Il segreto del successo longevo dei moschettieri?
«Si muovono per un’idea di pace e giustizia, non fanno quello che fanno per soldi. E poi sono realmente esistiti, non sono frutto di leggenda. Erano le guardie speciali del re, conoscevano i segreti più oscuri di corte e con coraggio e lealtà districavano intrighi, combattevano nemici di tutti i tipi. Athos e Aramis erano delle persone colte, parlavano inglese e spagnolo. Erano personaggi affascinanti, non degli ignoranti alla Rambo. Vivevano accanto ai regnanti e avevano la loro fiducia».
In realtà lei aveva già tentato di portarli al cinema.
«Lo dissi a Francesco Nuti negli anni Ottanta: “ Quanto sarebbe bello se tu, Benigni, Troisi e Verdone faceste i moschettieri in un film”. E lui ci provò un po’, ma poi non se ne fece nulla. Verdone come Porthos, Benigni Aramis.
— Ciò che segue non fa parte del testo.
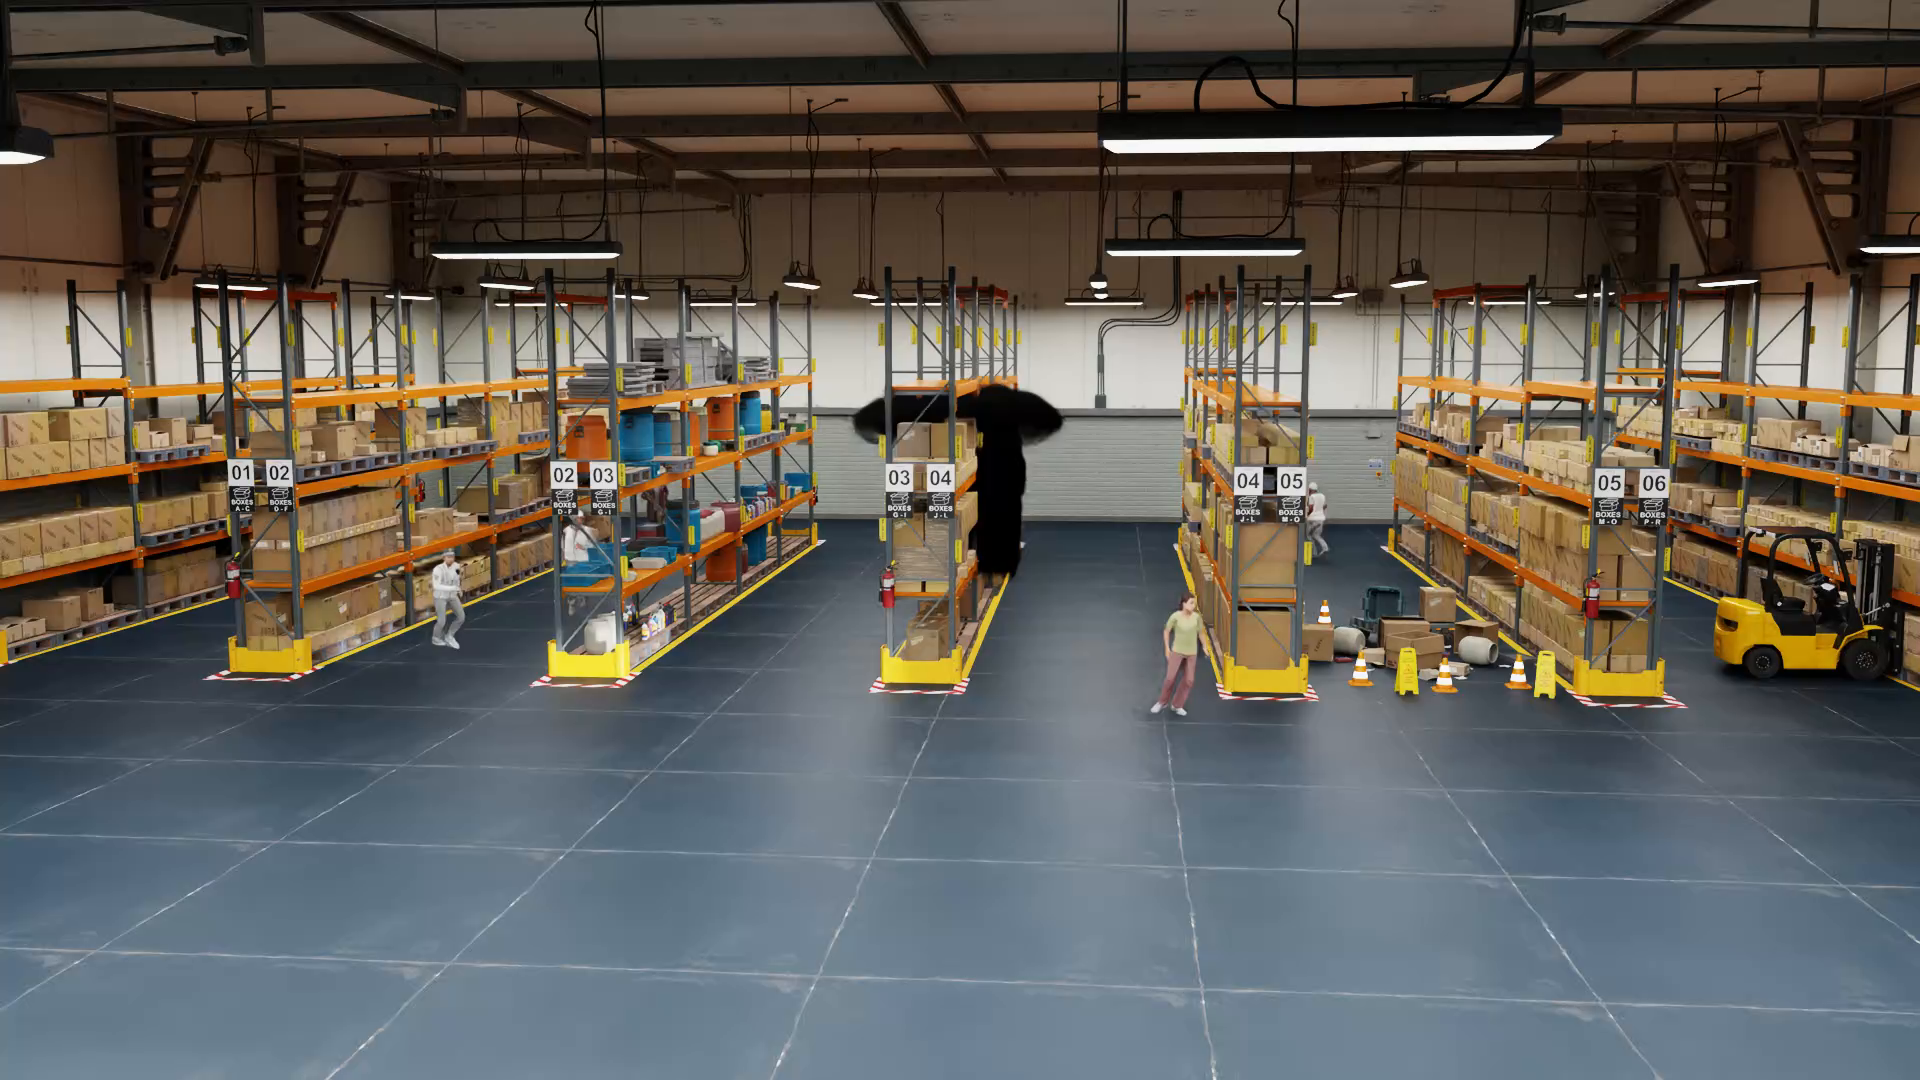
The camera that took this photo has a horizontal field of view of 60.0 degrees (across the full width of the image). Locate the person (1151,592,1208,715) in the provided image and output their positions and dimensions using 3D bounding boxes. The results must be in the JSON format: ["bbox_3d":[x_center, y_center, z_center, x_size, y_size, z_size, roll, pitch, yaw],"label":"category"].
[{"bbox_3d":[2.912,1.524,22.070,0.714,1.662,0.559,-2,7,-18],"label":"person"}]

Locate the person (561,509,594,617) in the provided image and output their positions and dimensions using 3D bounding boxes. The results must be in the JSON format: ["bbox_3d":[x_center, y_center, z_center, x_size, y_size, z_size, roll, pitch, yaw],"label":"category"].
[{"bbox_3d":[-6.664,0.393,28.895,0.651,1.861,0.721,0,7,-1],"label":"person"}]

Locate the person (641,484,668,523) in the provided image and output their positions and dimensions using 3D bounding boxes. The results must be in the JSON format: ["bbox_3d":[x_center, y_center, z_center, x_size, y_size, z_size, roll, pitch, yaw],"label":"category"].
[{"bbox_3d":[-7.290,-0.685,39.745,0.666,1.853,0.840,-1,7,-11],"label":"person"}]

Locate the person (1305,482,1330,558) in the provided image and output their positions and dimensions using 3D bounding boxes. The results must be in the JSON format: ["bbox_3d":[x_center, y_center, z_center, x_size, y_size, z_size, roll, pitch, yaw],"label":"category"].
[{"bbox_3d":[8.127,-0.430,37.676,0.652,1.743,0.771,-4,8,-27],"label":"person"}]

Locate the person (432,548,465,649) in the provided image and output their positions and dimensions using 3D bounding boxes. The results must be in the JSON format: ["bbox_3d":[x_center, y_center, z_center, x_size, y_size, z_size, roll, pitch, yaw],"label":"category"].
[{"bbox_3d":[-7.814,0.894,25.384,0.853,1.606,0.612,6,9,42],"label":"person"}]

E per i ruoli di Athos e D’Artagnan ci sarebbe stato da lottare: Massimo e Francesco erano due belli.... Ma sono felice dei miei moschettieri attuali, sono eccezionali».
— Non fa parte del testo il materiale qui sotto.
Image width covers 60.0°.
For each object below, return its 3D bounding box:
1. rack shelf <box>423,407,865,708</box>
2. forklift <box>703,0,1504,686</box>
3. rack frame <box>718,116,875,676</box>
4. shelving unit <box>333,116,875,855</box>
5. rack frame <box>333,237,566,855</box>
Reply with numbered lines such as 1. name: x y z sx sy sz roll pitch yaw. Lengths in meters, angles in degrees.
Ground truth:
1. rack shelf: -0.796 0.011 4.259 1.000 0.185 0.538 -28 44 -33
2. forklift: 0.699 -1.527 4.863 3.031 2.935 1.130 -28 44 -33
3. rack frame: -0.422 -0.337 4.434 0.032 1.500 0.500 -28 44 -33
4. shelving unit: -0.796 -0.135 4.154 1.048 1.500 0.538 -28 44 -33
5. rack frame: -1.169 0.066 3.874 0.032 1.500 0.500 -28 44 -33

I suoi momenti preferiti del film ?
« Quelli che dissacrano il romanzo. Ad esempio il motto “ Tutti per uno, uno per tutti” non si può dire più perché ha portato sfortuna. Ci sono tanti colpi di scena legati al passato. E poi quando Aramis litiga con gli altri tre e disquisiscono su cosa significa uccidere un uomo a sangue freddo, torturarlo. All’epoca era considerato normale, D’Artagnan dice: “ Ma se non si può fare tutto questo allora andiamo a casa, che dobbiamo fare?”. Mi piace l’idea che questi eroi di un’epoca lontana si ritrovino a parlarne, facendo capire che se ti poni il problema sei già avanti. Tutto questo però resta in secondo piano, perché ho fatto principalmente un film d’avventura e risate per famiglie, e l’ho fatto scomodando la fantasia. Spero di proseguire su questo filone: se c’è una cosa che mi spinge a fare il mestiere è questo mettere da parte la realtà e usare la fantasia, e poi all’interno della fantasia metterci la realtà».